Sign in or start a free trial to avail of this feature.
3. Box Plots
Box plots are a great alternative to bar charts because they show both the average and each individual data point. As a result, you can see how data is distributed within a column or row.
To explore more Kubicle data literacy subjects, please refer to our full library.
Why use box plots
- Offer much more granularity than aggregated calculations, such as: average
- Help you to understand the distribution of data and impact of outliers on aggregates
- Provide you with additional metrics such as whiskers and hinges
Box plot components
- Median: The middle value in a data set
- Hinges: Distance between the hinges represent the middle 50% of data points
- Whiskers: Distance between the whiskers represent the middle 75% of data points
- Hinges and whiskers can be adjusted to your own measurements if you wish
Box plots are one of the most underrated visualizations in the business and should be used much more often by analysts. I feel the reason they are not more popular, is because box plots require a small amount of statistical knowledge to interpret the charts correctly.
The problem that box plots solve, relate to the aggregation of data.
Let's begin by asking a simple question. When do we use box plots? You should consider using a box plot whenever you're plotting the average or median of a particular data column.
In the example shown on screen, I have the average amount bills to a client for three different fee earners. So for the time period in question, we know that Gary Krug build 1,766 per client, Alexander Blake, 1,867 and Caitir Davison the most on 2,039. As valuable as this chart is, we are missing a huge amount of additional information. For example, how many clients does each fee earner have? Do they have a small number or very large fee earners? Or, are all their clients typically around the same size? These questions can be answered by the equivalent box plot while maintaining the average figure that we've graphed here.
Box plots basically enable you to see the distribution of each customer from smallest to largest and on the X axis, I have the fees per client included.
When you hover over a box plot, you're given five different values, two whiskers, two hinges and median.
You're also given each dot, representing an individual or a customer, ranging from the smallest all the way up to over 10,000, for the following six customers.
When you hover over the box plot, the median value represents the middle client for Alexander Blake if you lined up all the clients and sorted from largest to smallest and this median value is $535.
The hinges are $199 and $993 and they represent the range of the middle 50% of customers and are represented by either side of the box.
This box is also referred to as the interquartile range. The interquartile range is a measure of variability within a data set while excluding outliers. A higher interquartile range indicates a bigger difference in size between clients. And as you can see in this example, Caitir and Gary's clients have a much wider difference while Alexander's clients are much more likely to be the same size once you remove his outliers.
The whiskers represent 1.5 times the size of the interquartile range which is the middle 75% of customers. So for Alexander Blake, you can see that the average value falls outside the middle of 75% of customers.
And the reason is because Alexander has a small number of very large clients that are pushing the average way up beyond the median. In contrast, the two remaining fee earners, have a smaller number of very large clients and as a result, the average values lie within the interquartile range.
If we only plotted the average value per client for these three fee earners, we would be missing out on all of this additional insight that box plots provide.
So how do we build box plots? Well, thankfully, they're pretty easy. Let's start by taking the fee earner, putting the fee earner in a row.
And next, I'll take value and place value in the columns.
Now I want to split the value by client which I place under details.
And then I'll go to the show me options and select the box plot.
To make this easier to read, I'm going to flip the axes, swapping the rows and columns and now I need to apply a filter. So, I'll drag fee earner into filters, I'll select none and then pick my three.
And as you can see, I now have my visualization.
If I place this sheet on a dashboard, this looks pretty good, however, the dots are still much too small. To make them bigger, I go to size on the marks card and drag to the right.
Let's see how this looks.
That looks much better. I could make them a little bigger. So let's return and go one or two more notches.
And now in my dashboard, I have the box plot complete.

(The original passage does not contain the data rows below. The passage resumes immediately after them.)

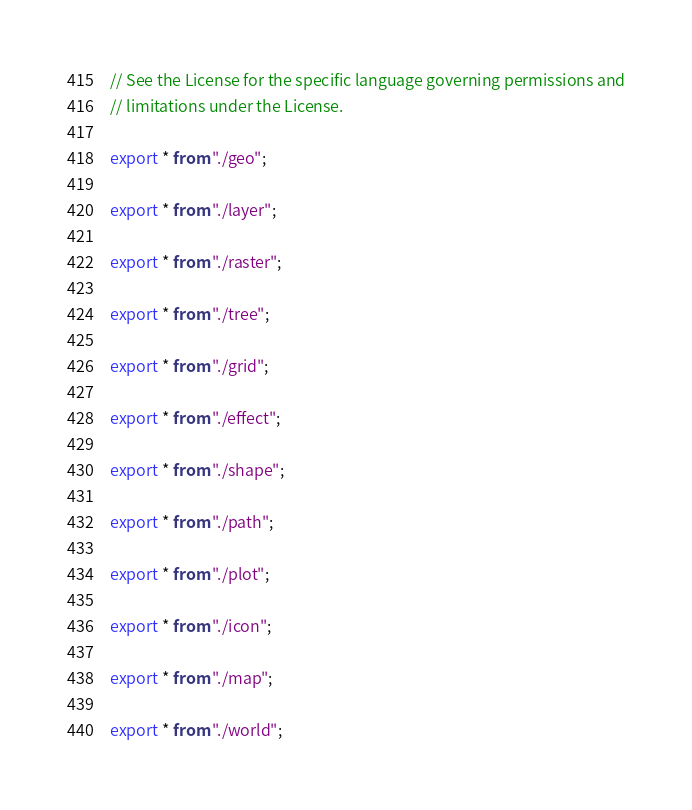Convert code to text. <code><loc_0><loc_0><loc_500><loc_500><_TypeScript_>// See the License for the specific language governing permissions and
// limitations under the License.

export * from "./geo";

export * from "./layer";

export * from "./raster";

export * from "./tree";

export * from "./grid";

export * from "./effect";

export * from "./shape";

export * from "./path";

export * from "./plot";

export * from "./icon";

export * from "./map";

export * from "./world";
</code> 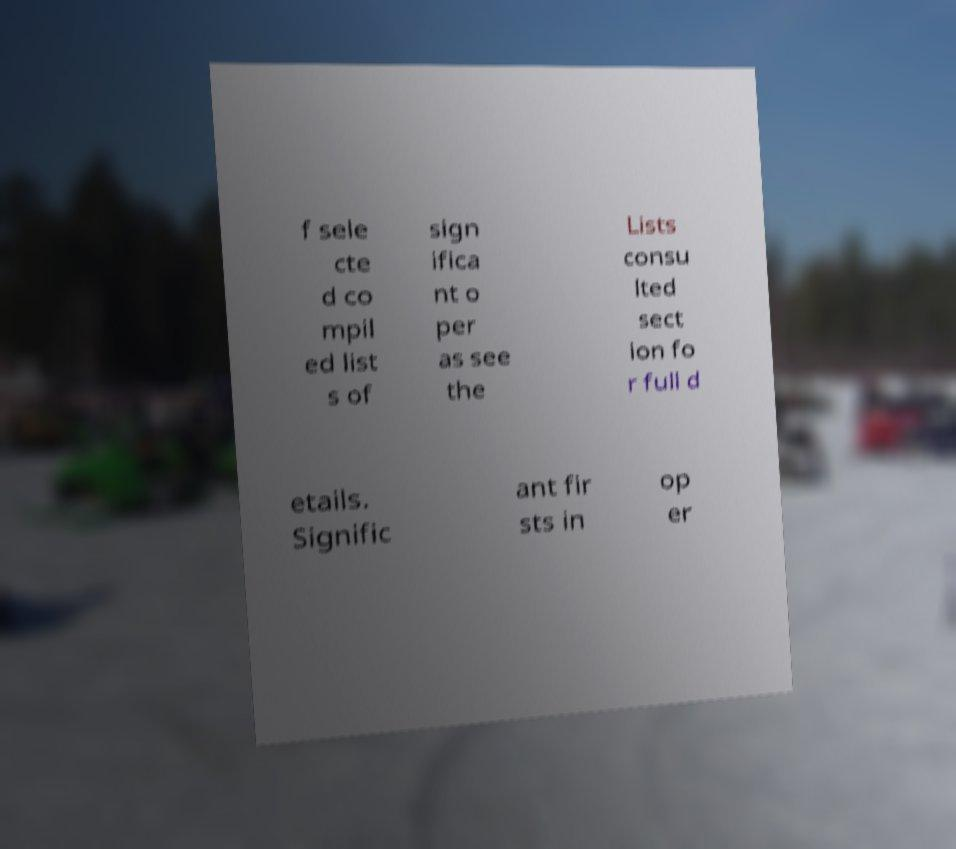What messages or text are displayed in this image? I need them in a readable, typed format. f sele cte d co mpil ed list s of sign ifica nt o per as see the Lists consu lted sect ion fo r full d etails. Signific ant fir sts in op er 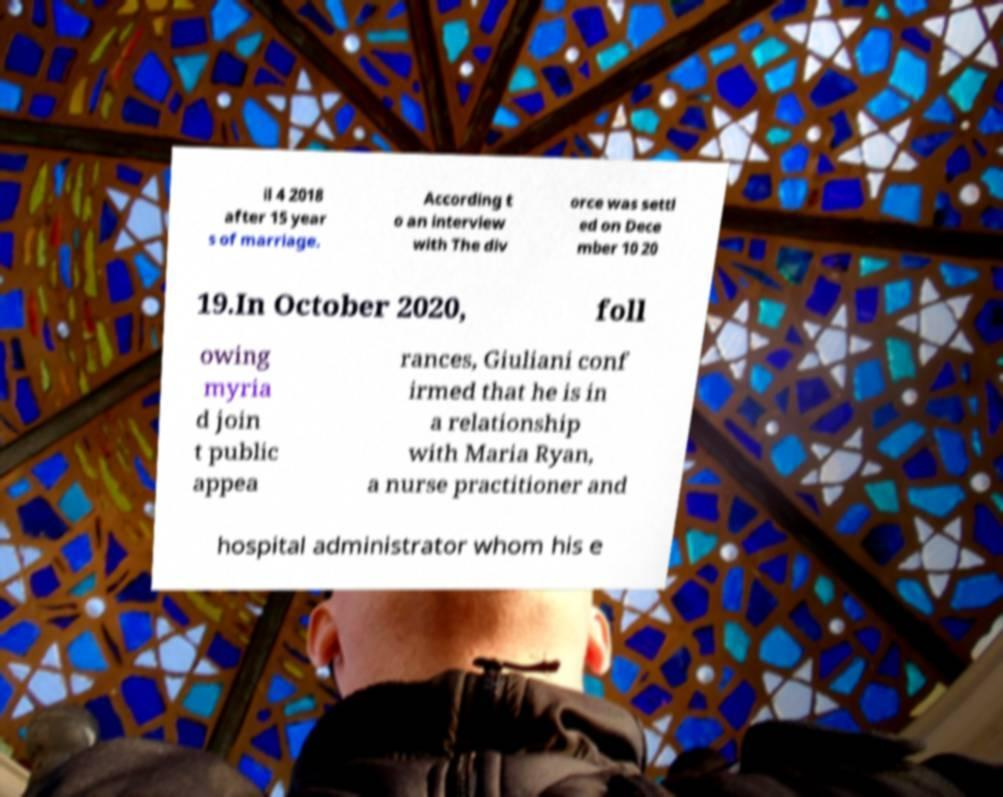Could you extract and type out the text from this image? il 4 2018 after 15 year s of marriage. According t o an interview with The div orce was settl ed on Dece mber 10 20 19.In October 2020, foll owing myria d join t public appea rances, Giuliani conf irmed that he is in a relationship with Maria Ryan, a nurse practitioner and hospital administrator whom his e 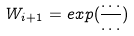Convert formula to latex. <formula><loc_0><loc_0><loc_500><loc_500>W _ { i + 1 } = e x p ( \frac { \dots } { \dots } )</formula> 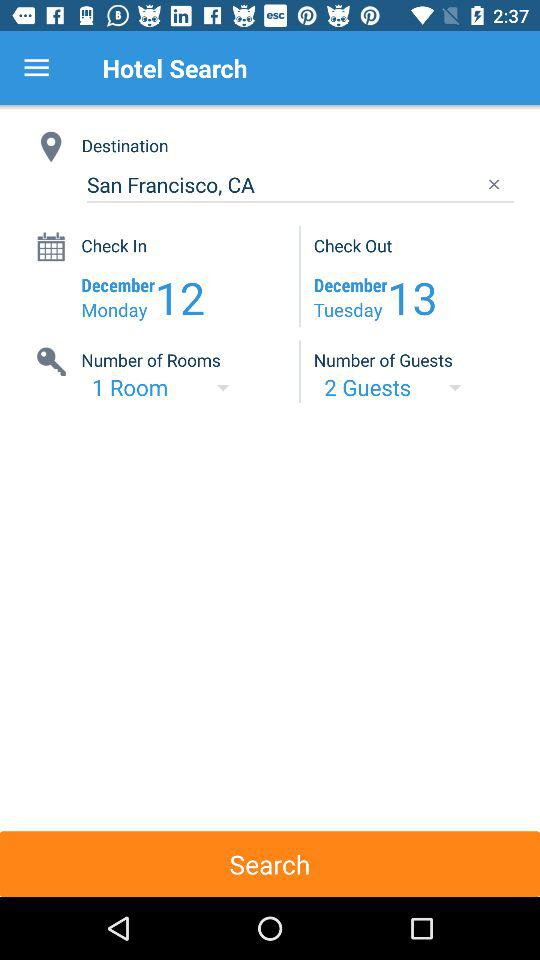What is the number of rooms? The number of rooms is 1.

If I want to add in average lines, let's return to the sheet, go to analytics.
I'm will add average line, which can be trucked onto the chart.

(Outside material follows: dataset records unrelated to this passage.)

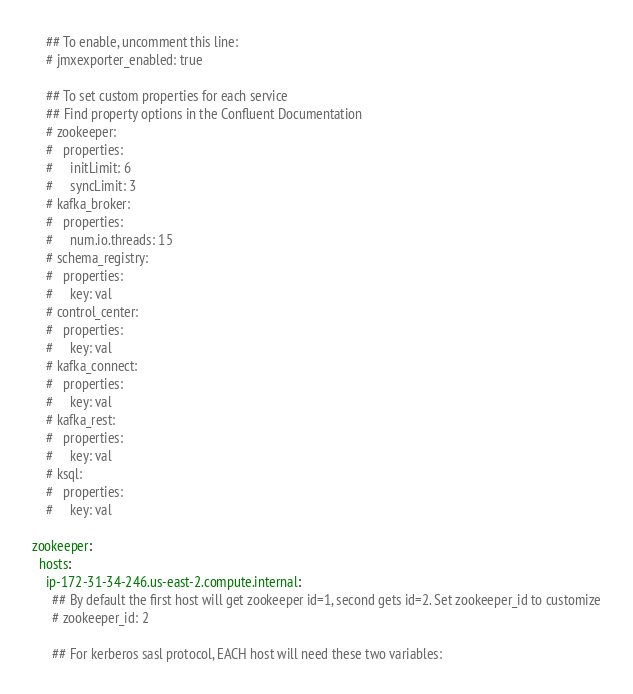Convert code to text. <code><loc_0><loc_0><loc_500><loc_500><_YAML_>    ## To enable, uncomment this line:
    # jmxexporter_enabled: true

    ## To set custom properties for each service
    ## Find property options in the Confluent Documentation
    # zookeeper:
    #   properties:
    #     initLimit: 6
    #     syncLimit: 3
    # kafka_broker:
    #   properties:
    #     num.io.threads: 15
    # schema_registry:
    #   properties:
    #     key: val
    # control_center:
    #   properties:
    #     key: val
    # kafka_connect:
    #   properties:
    #     key: val
    # kafka_rest:
    #   properties:
    #     key: val
    # ksql:
    #   properties:
    #     key: val

zookeeper:
  hosts:
    ip-172-31-34-246.us-east-2.compute.internal:
      ## By default the first host will get zookeeper id=1, second gets id=2. Set zookeeper_id to customize
      # zookeeper_id: 2

      ## For kerberos sasl protocol, EACH host will need these two variables:</code> 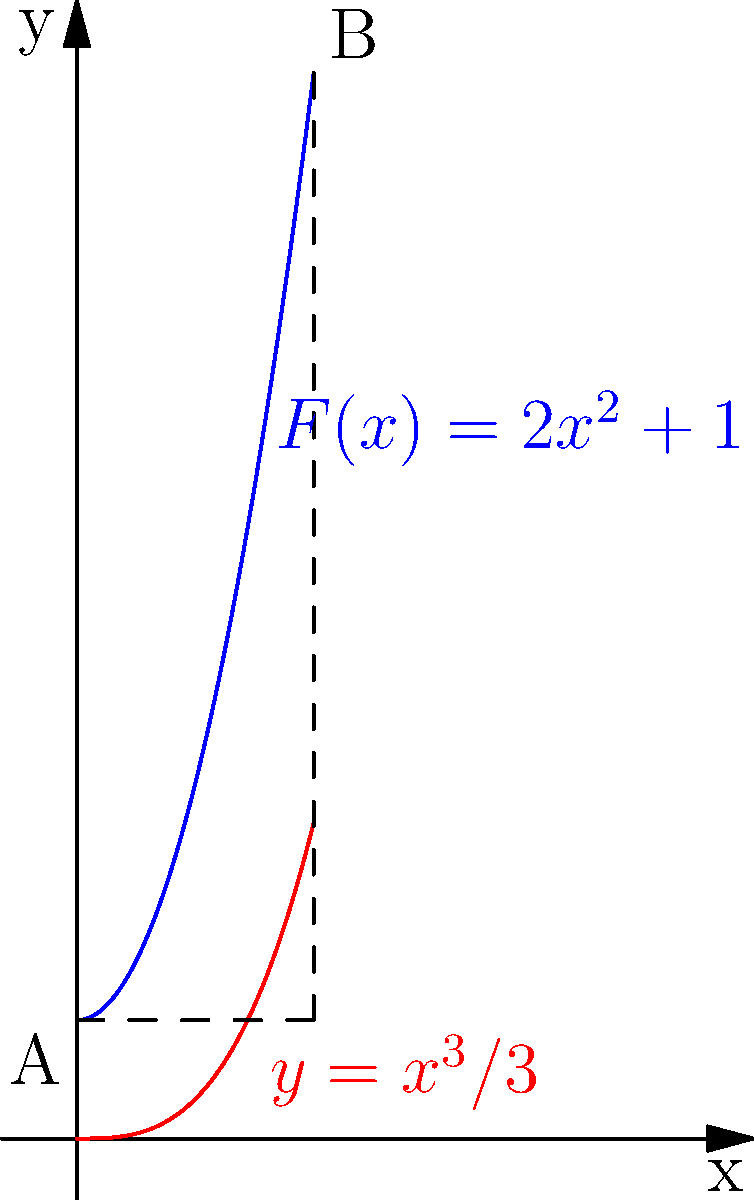Рассмотрите криволинейный путь, заданный функцией $y = \frac{x^3}{3}$ от точки $A(0,1)$ до точки $B(2,9)$. Переменная сила $F(x) = 2x^2 + 1$ действует вдоль этого пути. Вычислите работу, совершенную силой $F(x)$ вдоль этого пути, используя интегрирование. Представьте ответ с точностью до двух знаков после запятой. Для решения этой задачи выполним следующие шаги:

1) Работа, совершаемая переменной силой вдоль криволинейного пути, вычисляется по формуле:
   $$W = \int_a^b F(x) \cdot \frac{dy}{dx} dx$$

2) У нас есть:
   $F(x) = 2x^2 + 1$
   $y = \frac{x^3}{3}$

3) Найдем $\frac{dy}{dx}$:
   $$\frac{dy}{dx} = x^2$$

4) Подставим в формулу работы:
   $$W = \int_0^2 (2x^2 + 1) \cdot x^2 dx$$

5) Раскроем скобки:
   $$W = \int_0^2 (2x^4 + x^2) dx$$

6) Проинтегрируем:
   $$W = [\frac{2x^5}{5} + \frac{x^3}{3}]_0^2$$

7) Вычислим значения на границах интервала:
   $$W = (\frac{2 \cdot 2^5}{5} + \frac{2^3}{3}) - (0 + 0)$$

8) Упростим:
   $$W = \frac{64}{5} + \frac{8}{3} = 12.8 + 2.67 = 15.47$$

9) Округлим до двух знаков после запятой:
   $$W \approx 15.47$$
Answer: 15.47 Дж

I'll change the average line option and make sure that's selected as per cell because when it's selected to per cell, it'll calculate the average for each individual fee earner.
When I now return to my dashboard, you can see the average line is in position.
When you have box plots like this, it's very easy to create some nice scenario analysis. For example, what would be the impact on my average fees per client if I remove the biggest client for the three fee earners, bearing in mind that the average ranges between just over 2000 and about 1,776? So let's remove the biggest clients for each one.
So I'll hit exclude, exclude, and one more time.
And as you can see, all the averages drop. Now Alexander Blake is 1,551, Caitir is 1,441 and Gary Krug is 1,571.
The next time you're asked to create a chart that shows the average fees per client or some other similar metric, try and convince your manager to use a box plot instead so you can get a much more insightful visualization for your analysis.